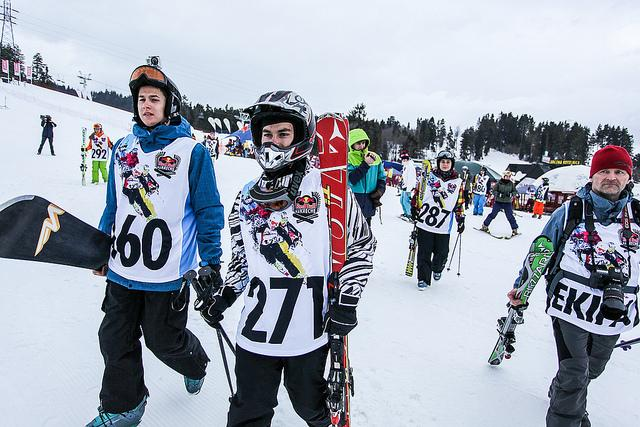WHat kind of competition is taking place?

Choices:
A) snowball
B) skiing
C) ice
D) snowboard skiing 
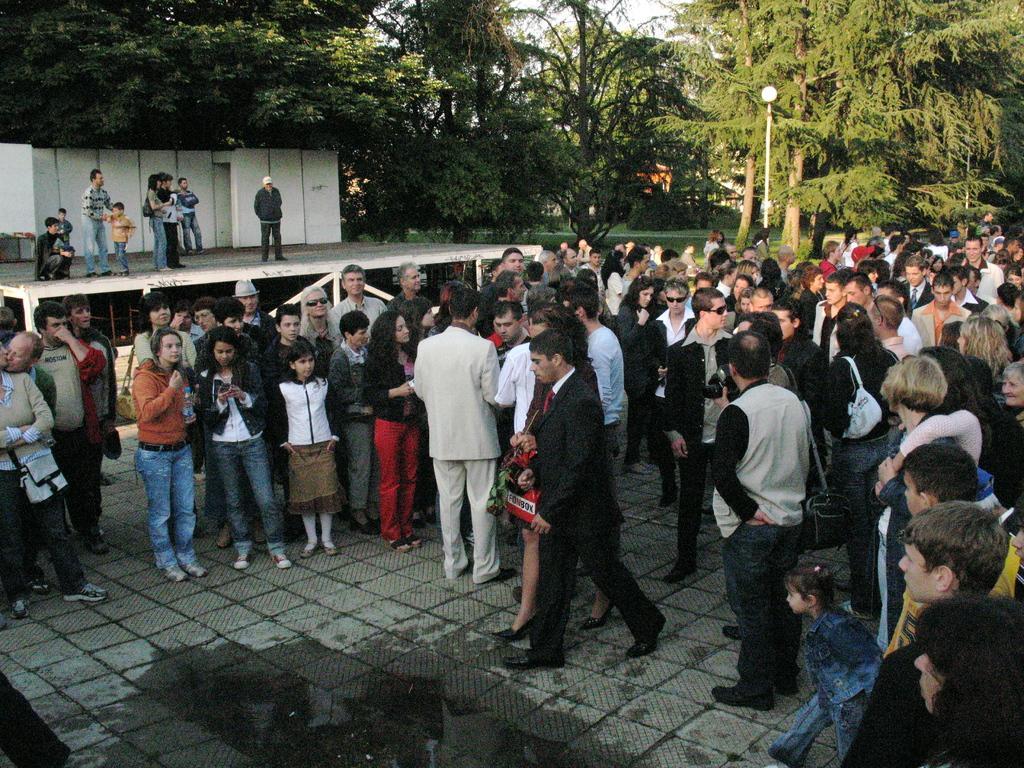How would you summarize this image in a sentence or two? In the center of the image there are group of persons standing on the floor. In the background there are persons, trees, street light, grass and sky.

#### [Problem statement]
Give exactly those lines of the listing that run from its first line through the line with "D) snowboard skiing", leaving each picture out.

#### [Output of the task]
WHat kind of competition is taking place?

Choices:
A) snowball
B) skiing
C) ice
D) snowboard skiing 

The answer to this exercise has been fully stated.